After debiasing, the English preference diminishes substantially, and monolingual alignment emerges as the dominant preference—retrievers perform best when query and document languages match.
DELTA consistently outperforms English-pivot, demonstrating that exploiting the model's true preference is more effective than following biased environmental signals.
Cultural prior is also a significant confound: correct answers to region-specific questions are more likely to reside in the corresponding language's Wikipedia.

Highlights & Insights¶

The systematic deconstruction of the "English preference myth" is the paper's central contribution, exposing a significant blind spot in existing evaluation methodology.
The design philosophy of DeLP—examining residuals after regressing out known priors—is transferable to any evaluation scenario involving confounding factors.
DELTA is extremely lightweight, operating solely at the query level without requiring modifications to the model, retriever, or corpus.

Limitations & Future Work¶

The debiasing effectiveness of DeLP depends on the completeness of the identified prior factors; unrecognized confounds may still influence conclusions.
Validation is conducted only on the MKQA benchmark; findings may differ on other multilingual QA benchmarks.
The translation step in DELTA introduces additional latency.
The influence of training-time biases within the retriever itself on language preference is not explored.

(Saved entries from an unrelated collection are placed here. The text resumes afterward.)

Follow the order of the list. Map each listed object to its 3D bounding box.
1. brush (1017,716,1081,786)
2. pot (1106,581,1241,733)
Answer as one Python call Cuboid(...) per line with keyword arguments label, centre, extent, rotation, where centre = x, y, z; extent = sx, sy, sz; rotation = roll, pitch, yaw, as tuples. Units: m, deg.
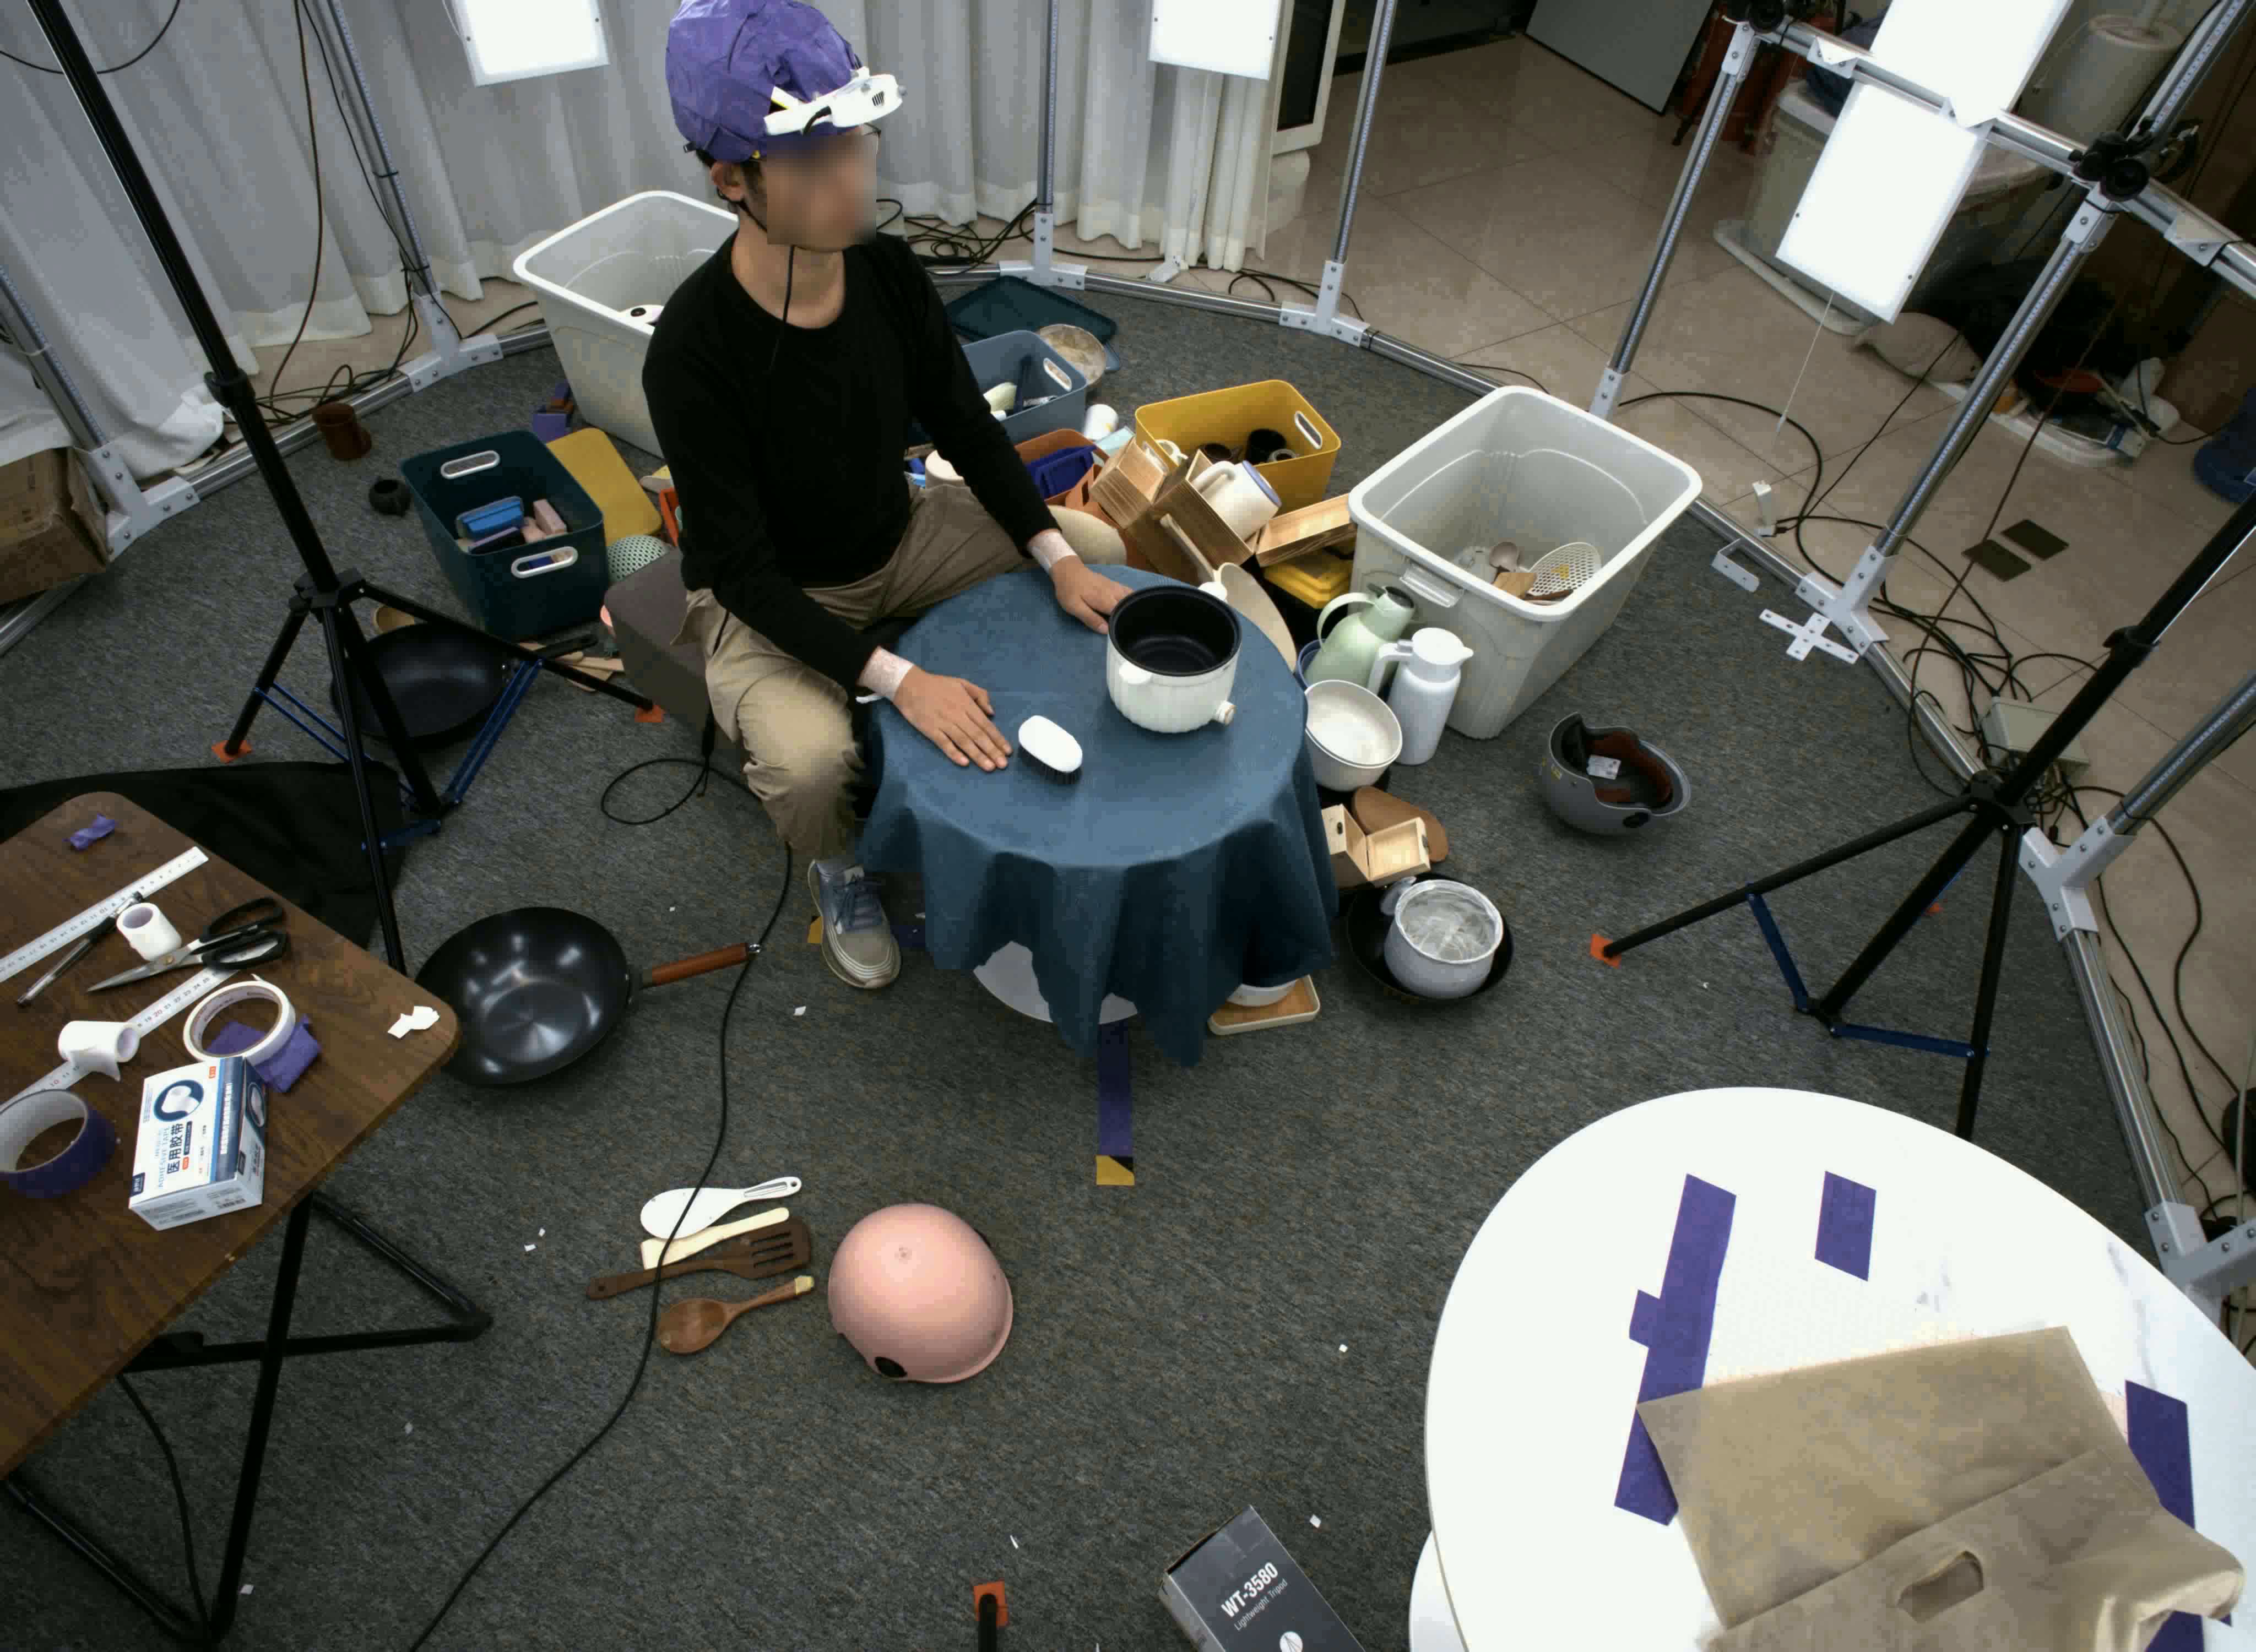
Cuboid(label="brush", centre=(-0.106, -0.107, 1.709), extent=(0.100, 0.071, 0.051), rotation=(35, 55, 23))
Cuboid(label="pot", centre=(0.064, -0.224, 1.779), extent=(0.192, 0.139, 0.244), rotation=(26, 53, 20))

vs. English-pivot strategy: This paper demonstrates that the effectiveness of English-pivot stems from data imbalance rather than model preference.
vs. MLRS: MLRS conflates structural priors with model preference; DeLP reveals the true signal through debiasing.
vs. CoPriva: CoPriva addresses textual privacy preservation, whereas this paper focuses on debiasing language preference.

Rating¶

Novelty: ⭐⭐⭐⭐⭐ — The deconstruction of the "English preference myth" and the debiased language preference metric constitute significant contributions.
Experimental Thoroughness: ⭐⭐⭐⭐ — Validated with three strong LLMs, but limited to the single MKQA benchmark.
Writing Quality: ⭐⭐⭐⭐⭐ — Analytical logic is rigorous; the identification and argumentation of structural biases are convincing.
Value: ⭐⭐⭐⭐ — Reframes the understanding of multilingual RAG; both DeLP and DELTA offer direct practical utility.